Predictive policing programs encourage reliance on “big data” – the enormous quantities of personal information accumulated about us in the digital age. A culture of big data alllows the state to monitor us even more closely and build up intrusive profiles from thousands of pieces of information. This chills our freedom of expression, making us feel we are being watched and forcing us to self-censor.

The ability to control what information is made available about us is integral to our lives. But a dangerous emerging narrative requires us to justify our desire for privacy, rather than requiring that the state – including the police – provide a sound legal basis for the interference.

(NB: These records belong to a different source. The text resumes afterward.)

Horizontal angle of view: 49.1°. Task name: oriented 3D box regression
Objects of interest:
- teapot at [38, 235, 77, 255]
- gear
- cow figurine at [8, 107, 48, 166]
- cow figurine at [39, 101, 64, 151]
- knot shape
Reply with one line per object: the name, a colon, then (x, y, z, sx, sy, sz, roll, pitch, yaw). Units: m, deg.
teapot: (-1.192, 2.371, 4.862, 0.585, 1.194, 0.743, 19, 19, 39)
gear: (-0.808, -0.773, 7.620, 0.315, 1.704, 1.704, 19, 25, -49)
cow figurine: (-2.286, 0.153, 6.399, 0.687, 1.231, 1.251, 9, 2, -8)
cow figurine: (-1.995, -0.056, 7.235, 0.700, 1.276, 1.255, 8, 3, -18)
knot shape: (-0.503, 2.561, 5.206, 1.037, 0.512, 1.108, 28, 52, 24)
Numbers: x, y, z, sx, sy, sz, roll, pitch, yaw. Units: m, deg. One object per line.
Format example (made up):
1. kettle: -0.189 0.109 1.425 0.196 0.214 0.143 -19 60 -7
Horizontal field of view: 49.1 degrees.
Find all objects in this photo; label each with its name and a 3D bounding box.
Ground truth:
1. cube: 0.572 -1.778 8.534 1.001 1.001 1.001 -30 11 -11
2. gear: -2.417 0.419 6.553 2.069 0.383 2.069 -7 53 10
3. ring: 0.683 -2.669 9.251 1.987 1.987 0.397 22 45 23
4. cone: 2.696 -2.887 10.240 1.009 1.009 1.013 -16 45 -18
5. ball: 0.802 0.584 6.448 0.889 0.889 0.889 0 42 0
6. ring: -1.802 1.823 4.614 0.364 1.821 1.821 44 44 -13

Although some police forces in the UK were using systems from PredPol, it seems not to be as widely deployed as in the US. However, PredPol has plans for expanding its operations into a completely new market: the private sector. Around the world, other companies are also starting to offer programs that claim to provide predictive capabilities in real-life:

Vaak, a Japanese startup, has developed artificial intelligence software that hunts for potential shoplifters, using footage from security cameras for fidgeting, restlessness and other potentially suspicious body language.

In the UK, local government is also starting to deploy the technology widely. For example, one system analyzes data such as social support, school attendance, crime, homelessness, teenage pregnancy and mental health from 54,000 local families to predict which children could suffer from domestic violence, sexual abuse or go missing. The idea is that predictions can be used to intervene early, and thus more effectively.

That’s clearly a worthwhile goal. Similarly, it’s laudable that public bodies like the police are exploring the use of technology to improve their efficiency, which may well save lives. However, the past teaches us that more technology is not necessarily better. Key questions about predictive policing and related approaches are whether they actually work, and what the problems might be.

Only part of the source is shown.